ETFs appear to be still in their infancy, and have benefited from factors that include greater use of fixed-income and commodity-based products, increased uptake among fee-based advisers, as well as new product launches within the major exchanges. These conditions will likely pave the way for larger ETF fund allocations over the near term. Wiedman claims: “ETFs are one of the top two or three socially productive financial innovations of the past 40 years, with a value proposition that speaks to a galaxy of clients, from sovereign wealth funds to retail investors. ETFs deliver efficient exposure to global markets using the most democratic, transparent, and liquid vehicle yet devised.”

From the perspective of iShares, key growth drivers over the near term include fixed-income ETFs (which currently represent only a fractional amount of total outstanding bonds within the US), as well as equity income. Meanwhile, the potential for across-the-board ETF uptake exists in nearly every market around the world, says Wiedman.

Unifying US and foreign ETF platforms was a priority for BlackRock following the acquisition of iShares, and the ability to offer both US and European product lines to investors around the globe has been one of iShares’ greatest strengths to date.  “Some 15% of the assets in domestic ETFs are currently held outside the US and in Europe in 2011, we’ve seen over 15% organic growth, in part driven by buyers from Asia.

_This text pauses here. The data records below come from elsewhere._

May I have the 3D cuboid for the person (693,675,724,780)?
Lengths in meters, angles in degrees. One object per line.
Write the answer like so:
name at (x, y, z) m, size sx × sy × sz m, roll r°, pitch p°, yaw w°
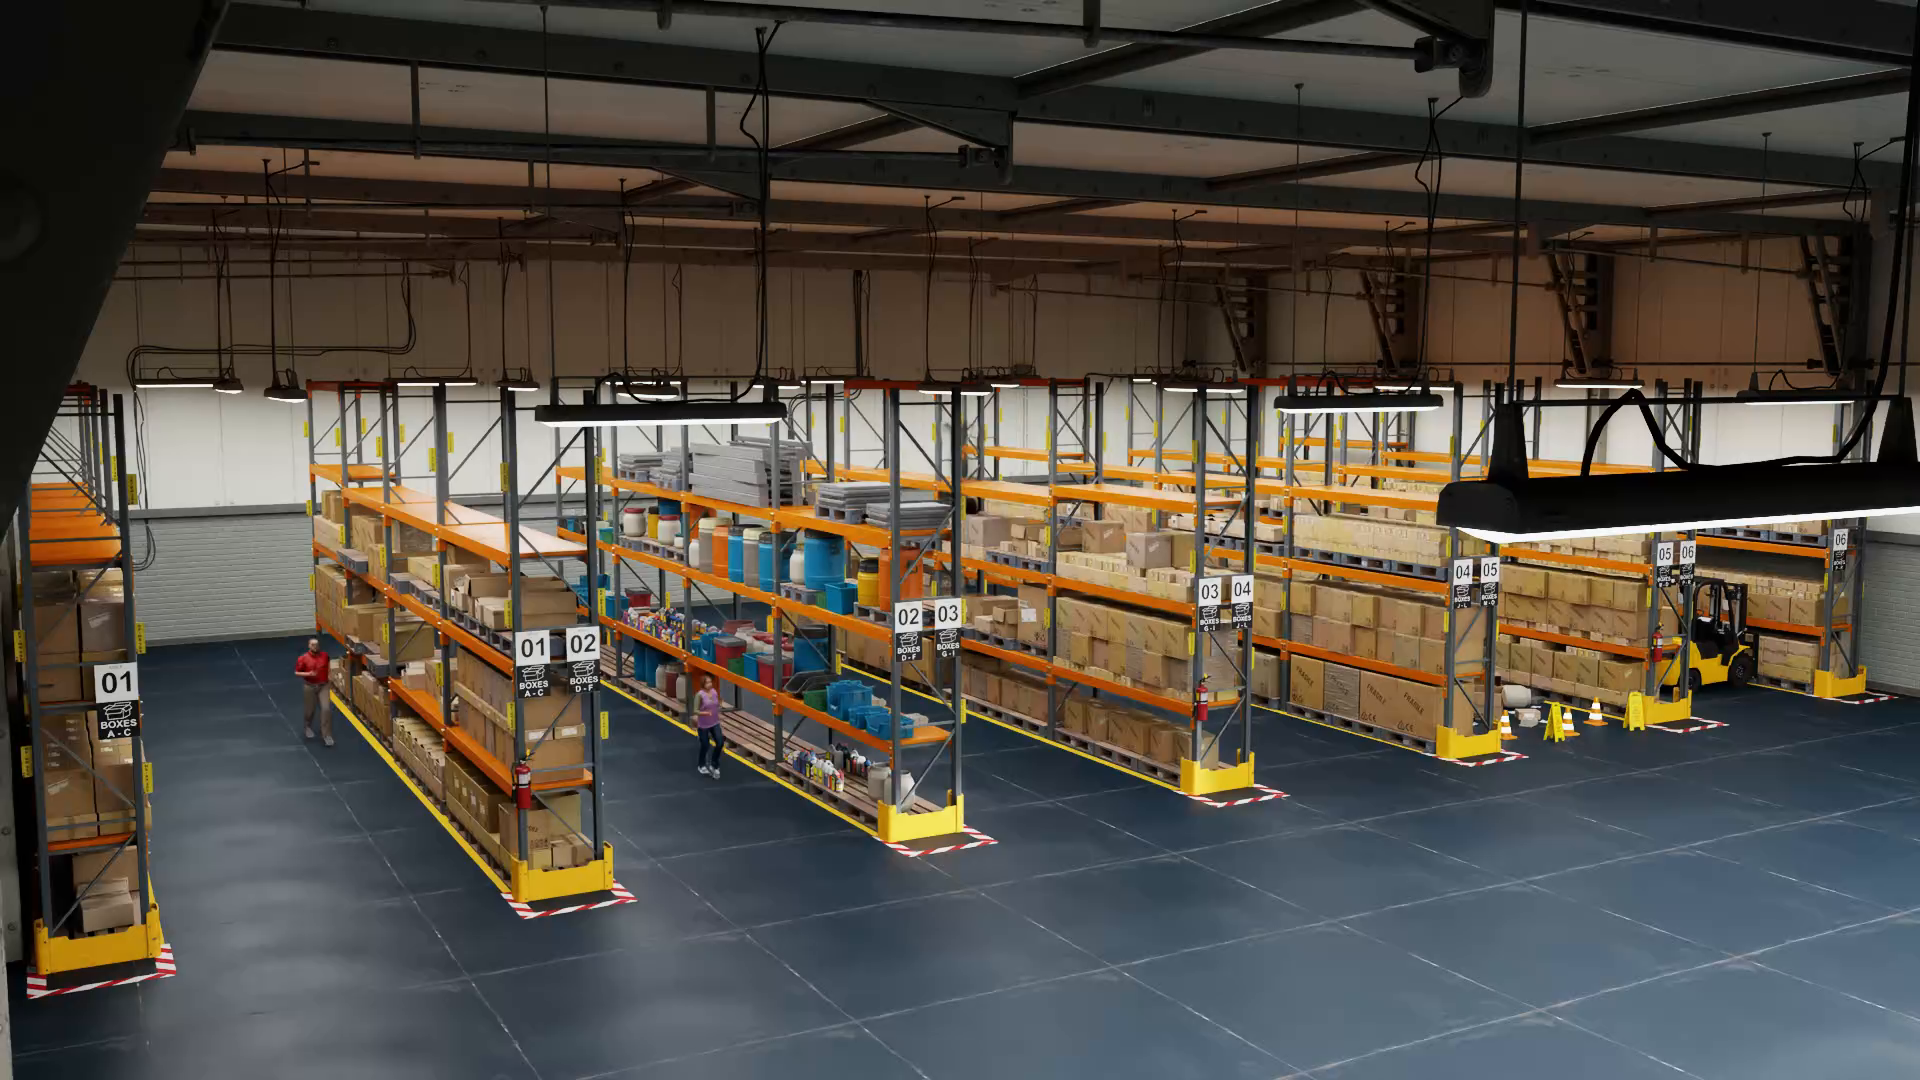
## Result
person at (-3.826, 2.853, 25.320) m, size 0.511 × 1.619 × 0.685 m, roll -4°, pitch 7°, yaw -31°

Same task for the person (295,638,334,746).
person at (-10.757, 2.508, 27.756) m, size 0.653 × 1.756 × 0.917 m, roll -5°, pitch 8°, yaw -37°

As we look forward, our UCITS-compliant European product line could possibly become the de facto global standard,” says Wiedman.

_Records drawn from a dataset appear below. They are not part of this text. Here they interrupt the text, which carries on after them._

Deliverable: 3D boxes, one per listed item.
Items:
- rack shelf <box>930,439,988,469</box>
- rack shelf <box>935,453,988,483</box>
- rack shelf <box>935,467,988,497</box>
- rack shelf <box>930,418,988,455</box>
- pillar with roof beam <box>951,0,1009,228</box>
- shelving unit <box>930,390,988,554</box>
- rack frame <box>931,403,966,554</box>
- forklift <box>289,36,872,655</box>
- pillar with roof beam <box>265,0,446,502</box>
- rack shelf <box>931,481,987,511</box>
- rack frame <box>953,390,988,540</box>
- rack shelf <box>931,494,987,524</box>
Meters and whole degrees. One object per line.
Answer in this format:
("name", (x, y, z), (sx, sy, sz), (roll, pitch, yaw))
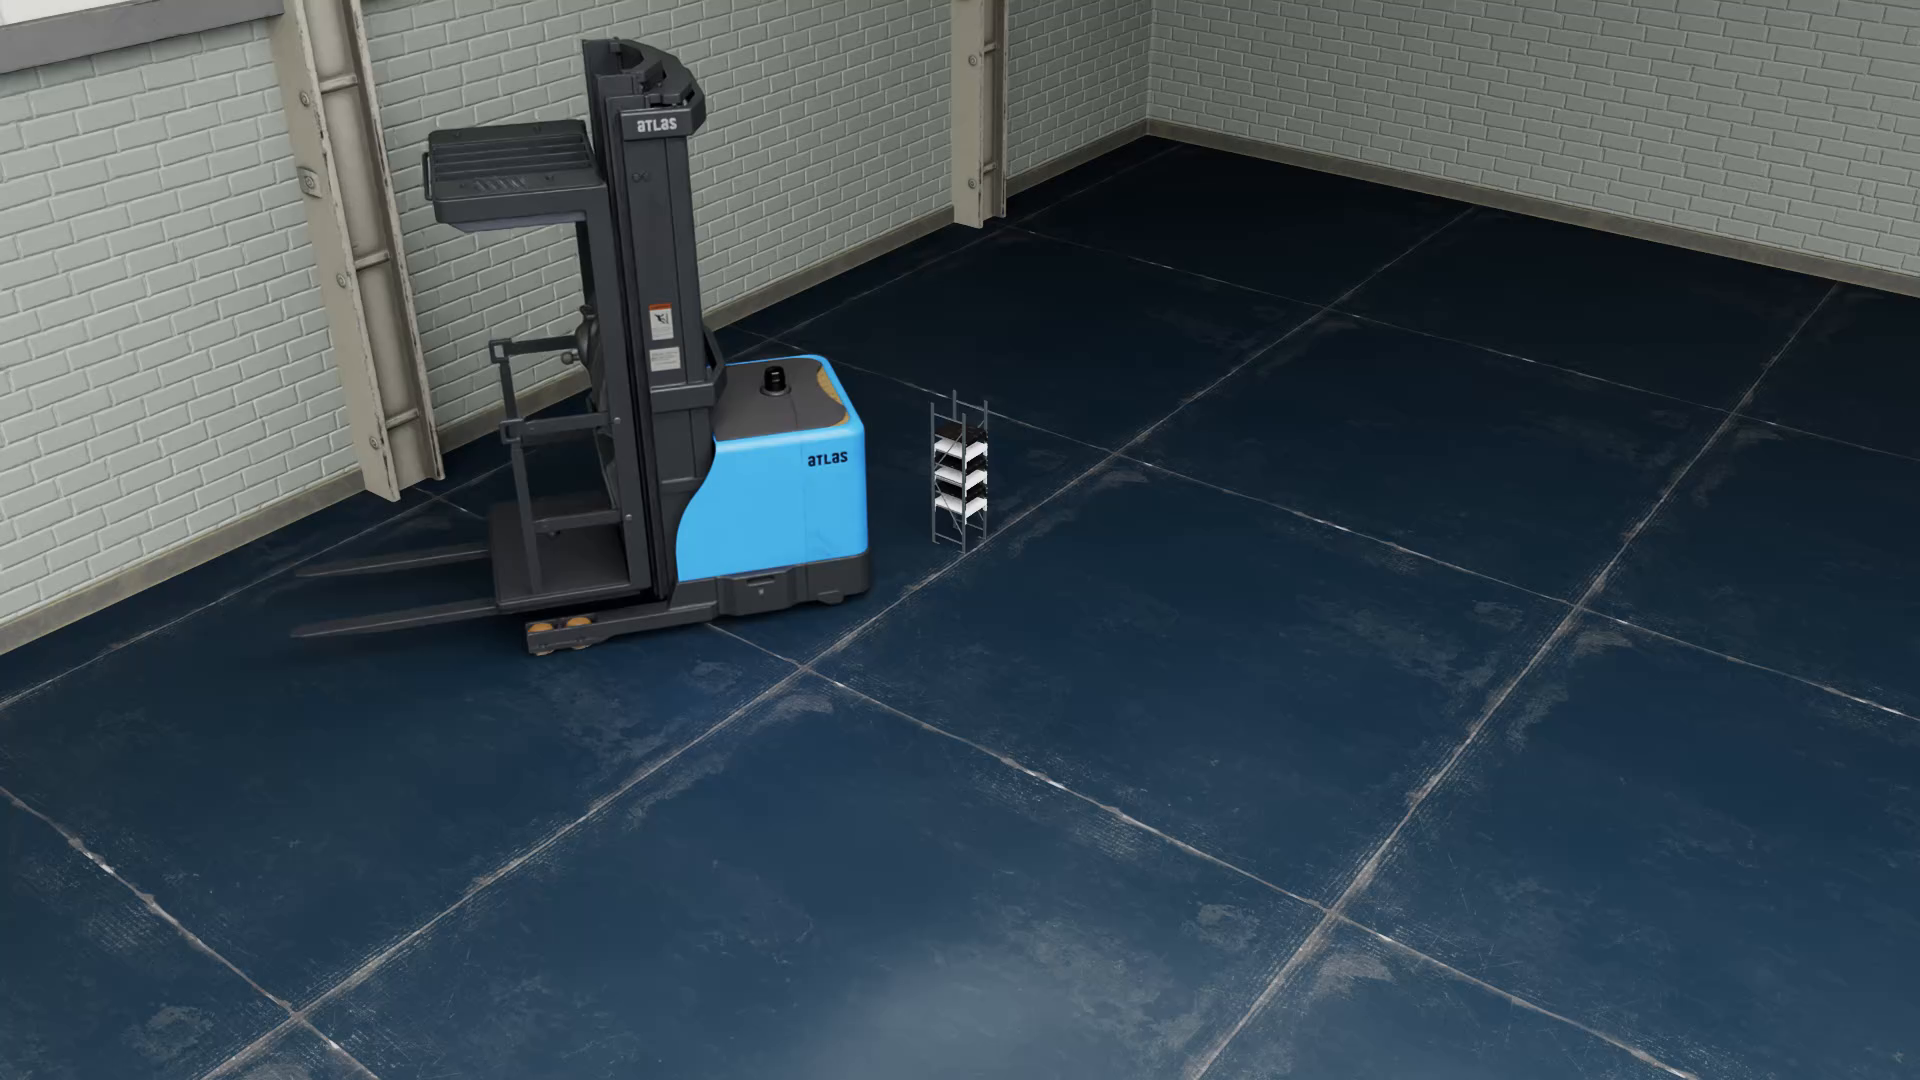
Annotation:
("rack shelf", (-0.005, -0.510, 9.440), (0.258, 0.077, 0.200), (21, 37, 31))
("rack shelf", (-0.005, -0.433, 9.486), (0.258, 0.077, 0.200), (21, 37, 31))
("rack shelf", (-0.005, -0.355, 9.532), (0.258, 0.077, 0.200), (21, 37, 31))
("rack shelf", (-0.005, -0.587, 9.394), (0.258, 0.077, 0.200), (21, 37, 31))
("pillar with roof beam", (3.596, -5.344, 9.940), (9.100, 9.000, 0.400), (21, 37, 31))
("shelving unit", (-0.005, -0.384, 9.515), (0.258, 0.900, 0.210), (21, 37, 31))
("rack frame", (-0.066, -0.342, 9.445), (0.240, 0.900, 0.006), (21, 37, 31))
("forklift", (-2.063, -0.958, 8.491), (3.031, 2.935, 1.130), (-9, 32, -14))
("pillar with roof beam", (-0.026, -2.905, 5.825), (9.100, 9.000, 0.400), (21, 37, 31))
("rack shelf", (-0.005, -0.278, 9.578), (0.258, 0.077, 0.200), (21, 37, 31))
("rack frame", (0.056, -0.425, 9.585), (0.240, 0.900, 0.006), (21, 37, 31))
("rack shelf", (-0.005, -0.200, 9.624), (0.258, 0.077, 0.200), (21, 37, 31))

The rise in ETF fund flows has coincided with a marked increase in product complexity, and, in some instances, has sparked concerns over opacity. For its part, the SEC continues to take a dim view of derivatives-based ETF products, compelling many providers to back away from such offerings.  

Wiedman notes: “We would call products that trade on an exchange ‘exchange-traded products’ or ‘ETPs’ while reserving the label ‘ETF’ for a sub-category that meets certain agreed standards of simplicity and transparency, including backing by underlying securities, rather than derivatives. We understand that regulators around the world will have different views. However, we believe that a standardised classification system could help regulators develop appropriate rules in each jurisdiction.”

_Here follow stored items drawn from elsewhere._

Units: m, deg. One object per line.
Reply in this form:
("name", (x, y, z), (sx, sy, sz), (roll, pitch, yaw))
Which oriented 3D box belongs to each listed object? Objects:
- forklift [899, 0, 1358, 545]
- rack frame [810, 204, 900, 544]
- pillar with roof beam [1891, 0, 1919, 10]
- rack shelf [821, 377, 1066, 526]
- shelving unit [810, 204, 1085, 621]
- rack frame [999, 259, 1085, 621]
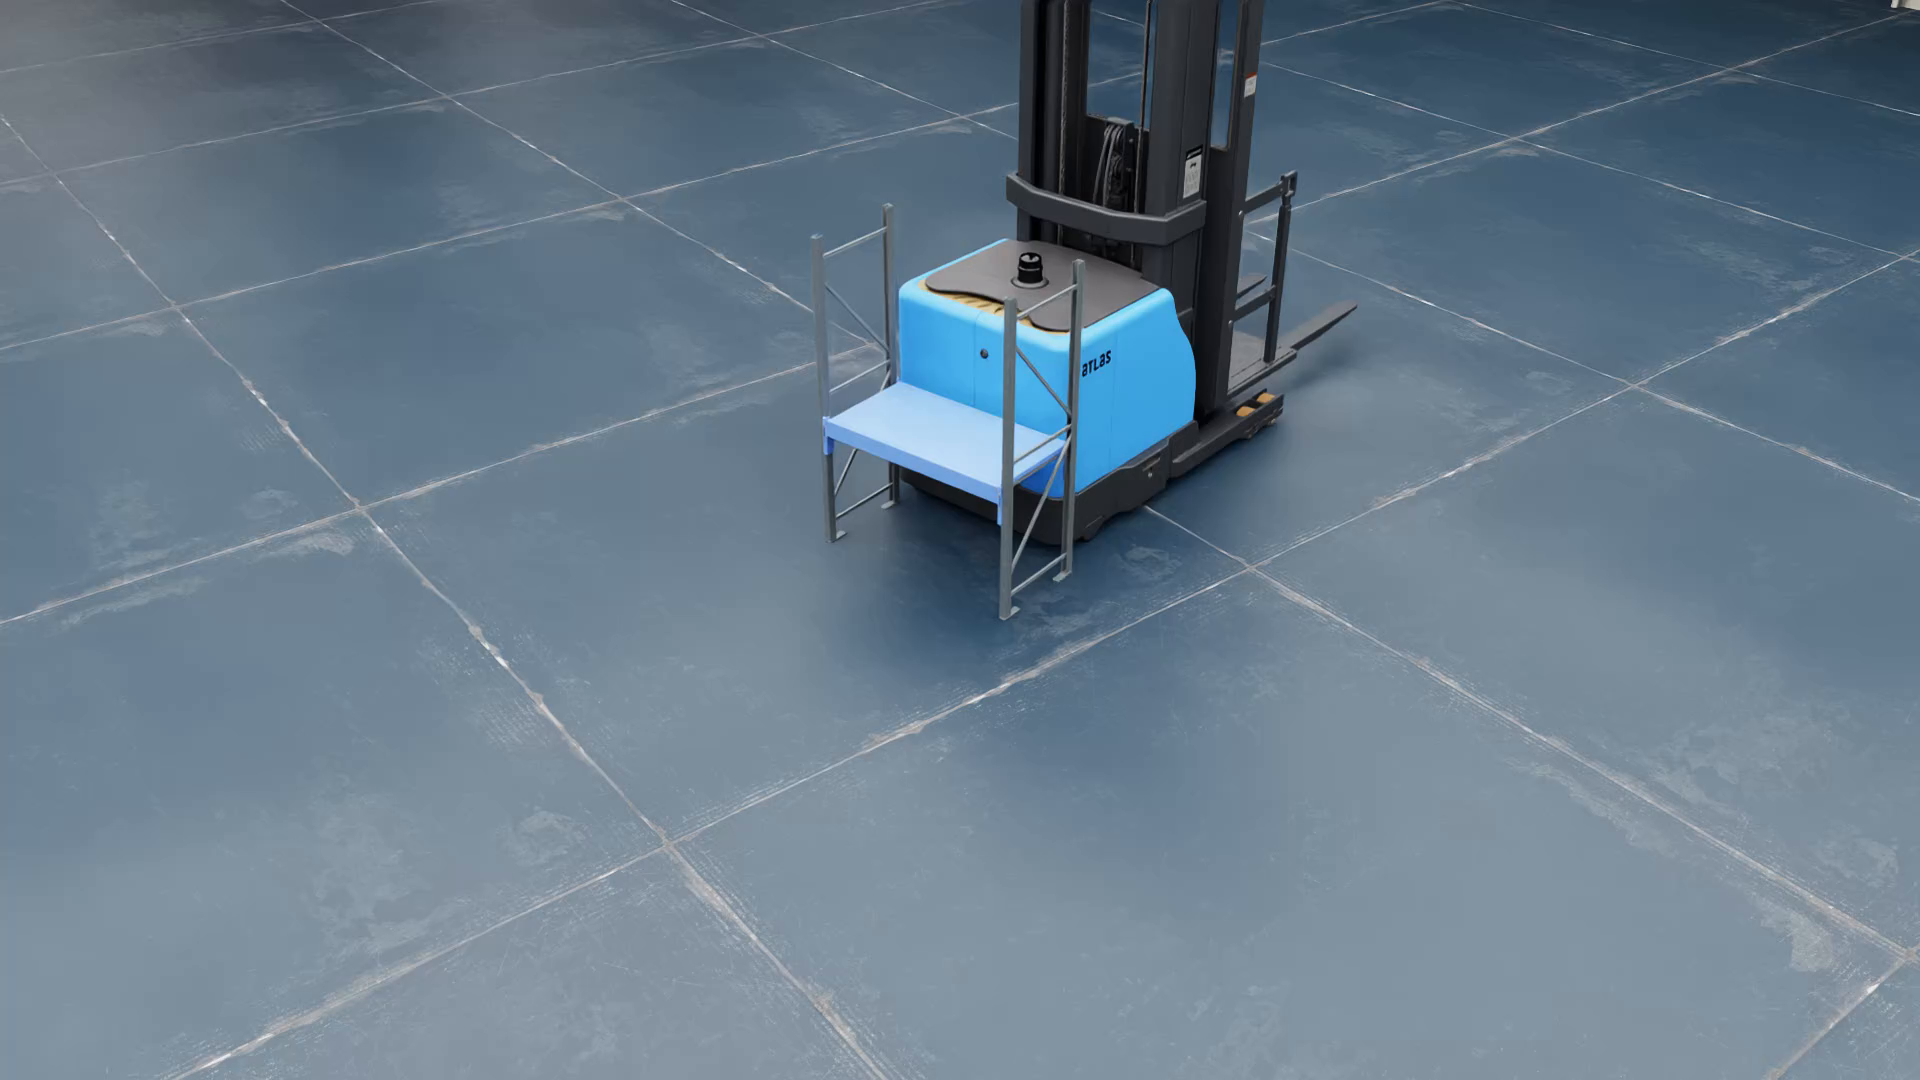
("forklift", (1.043, -1.924, 8.069), (1.130, 2.935, 3.031), (24, 39, 34))
("rack frame", (-0.458, -0.727, 7.500), (0.032, 1.500, 0.500), (23, 38, 32))
("pillar with roof beam", (5.810, -7.539, 11.359), (9.100, 9.000, 0.400), (-22, 38, -31))
("rack shelf", (-0.060, -0.408, 7.326), (1.000, 0.185, 0.538), (23, 38, 32))
("shelving unit", (-0.061, -0.561, 7.231), (1.048, 1.500, 0.538), (23, 38, 32))
("rack frame", (0.337, -0.394, 6.962), (0.032, 1.500, 0.500), (23, 38, 32))

The proliferation of so-called “cheap beta” ETF products—or, in some instances, ETFs that are totally commission-free—has had a dramatic impact on the business as a whole. Rather than attempt to compete on price, however, iShares has instead turned its attention toward product development, including active ETFs, which mimic the performance of hedge funds at a fraction of the cost. In August 2011, the company sought the SEC’s permission to launch a set of actively-managed equity ETFs, each based on proprietary BlackRock benchmarks.

“If there is a one thing I learned from my past experience at BlackRock, it’s that iShares will succeed by doing what we do best—not by playing on others’ terms,” offers Wiedman. “We are the sole global player competing against regional players in every market. No one can match our global presence, scale, or brand. Capitalising on that unique position is where our future lies.”